ACTIVITY:
Before you finish, make sure every line below has been written out exactly.

AVAILABLE RECORDS:

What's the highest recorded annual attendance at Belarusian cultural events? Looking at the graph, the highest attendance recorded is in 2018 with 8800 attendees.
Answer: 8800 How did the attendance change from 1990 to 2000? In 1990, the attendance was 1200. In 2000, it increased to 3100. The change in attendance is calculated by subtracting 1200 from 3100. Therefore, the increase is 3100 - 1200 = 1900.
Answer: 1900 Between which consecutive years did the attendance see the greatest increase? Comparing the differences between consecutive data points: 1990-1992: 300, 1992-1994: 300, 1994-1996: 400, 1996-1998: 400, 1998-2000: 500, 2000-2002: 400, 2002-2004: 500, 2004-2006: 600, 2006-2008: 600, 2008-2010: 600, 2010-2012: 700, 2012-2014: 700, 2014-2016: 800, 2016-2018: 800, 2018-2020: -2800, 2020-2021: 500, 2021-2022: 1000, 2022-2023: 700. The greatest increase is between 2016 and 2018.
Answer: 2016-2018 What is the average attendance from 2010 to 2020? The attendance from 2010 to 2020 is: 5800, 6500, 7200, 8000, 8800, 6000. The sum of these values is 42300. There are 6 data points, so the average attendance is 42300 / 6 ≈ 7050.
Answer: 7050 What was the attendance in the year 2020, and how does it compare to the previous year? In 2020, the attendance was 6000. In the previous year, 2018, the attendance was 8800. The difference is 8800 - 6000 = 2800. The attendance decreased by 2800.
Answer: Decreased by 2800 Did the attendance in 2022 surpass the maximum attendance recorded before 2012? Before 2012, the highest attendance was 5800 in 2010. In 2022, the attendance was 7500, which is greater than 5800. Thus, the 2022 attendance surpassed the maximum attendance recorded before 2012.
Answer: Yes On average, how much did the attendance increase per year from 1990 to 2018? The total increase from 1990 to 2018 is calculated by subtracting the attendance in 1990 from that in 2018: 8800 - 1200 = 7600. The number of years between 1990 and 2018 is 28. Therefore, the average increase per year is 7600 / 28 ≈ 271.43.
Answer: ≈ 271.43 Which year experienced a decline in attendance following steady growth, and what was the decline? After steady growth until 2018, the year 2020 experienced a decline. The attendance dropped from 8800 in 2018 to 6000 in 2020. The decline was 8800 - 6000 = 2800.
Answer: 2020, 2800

ANSWER TO THE EXERCISE:
What's the highest recorded annual attendance at Belarusian cultural events? Looking at the graph, the highest attendance recorded is in 2018 with 8800 attendees.
Answer: 8800 How did the attendance change from 1990 to 2000? In 1990, the attendance was 1200. In 2000, it increased to 3100. The change in attendance is calculated by subtracting 1200 from 3100. Therefore, the increase is 3100 - 1200 = 1900.
Answer: 1900 Between which consecutive years did the attendance see the greatest increase? Comparing the differences between consecutive data points: 1990-1992: 300, 1992-1994: 300, 1994-1996: 400, 1996-1998: 400, 1998-2000: 500, 2000-2002: 400, 2002-2004: 500, 2004-2006: 600, 2006-2008: 600, 2008-2010: 600, 2010-2012: 700, 2012-2014: 700, 2014-2016: 800, 2016-2018: 800, 2018-2020: -2800, 2020-2021: 500, 2021-2022: 1000, 2022-2023: 700. The greatest increase is between 2016 and 2018.
Answer: 2016-2018 What is the average attendance from 2010 to 2020? The attendance from 2010 to 2020 is: 5800, 6500, 7200, 8000, 8800, 6000. The sum of these values is 42300. There are 6 data points, so the average attendance is 42300 / 6 ≈ 7050.
Answer: 7050 What was the attendance in the year 2020, and how does it compare to the previous year? In 2020, the attendance was 6000. In the previous year, 2018, the attendance was 8800. The difference is 8800 - 6000 = 2800. The attendance decreased by 2800.
Answer: Decreased by 2800 Did the attendance in 2022 surpass the maximum attendance recorded before 2012? Before 2012, the highest attendance was 5800 in 2010. In 2022, the attendance was 7500, which is greater than 5800. Thus, the 2022 attendance surpassed the maximum attendance recorded before 2012.
Answer: Yes On average, how much did the attendance increase per year from 1990 to 2018? The total increase from 1990 to 2018 is calculated by subtracting the attendance in 1990 from that in 2018: 8800 - 1200 = 7600. The number of years between 1990 and 2018 is 28. Therefore, the average increase per year is 7600 / 28 ≈ 271.43.
Answer: ≈ 271.43 Which year experienced a decline in attendance following steady growth, and what was the decline? After steady growth until 2018, the year 2020 experienced a decline. The attendance dropped from 8800 in 2018 to 6000 in 2020. The decline was 8800 - 6000 = 2800.
Answer: 2020, 2800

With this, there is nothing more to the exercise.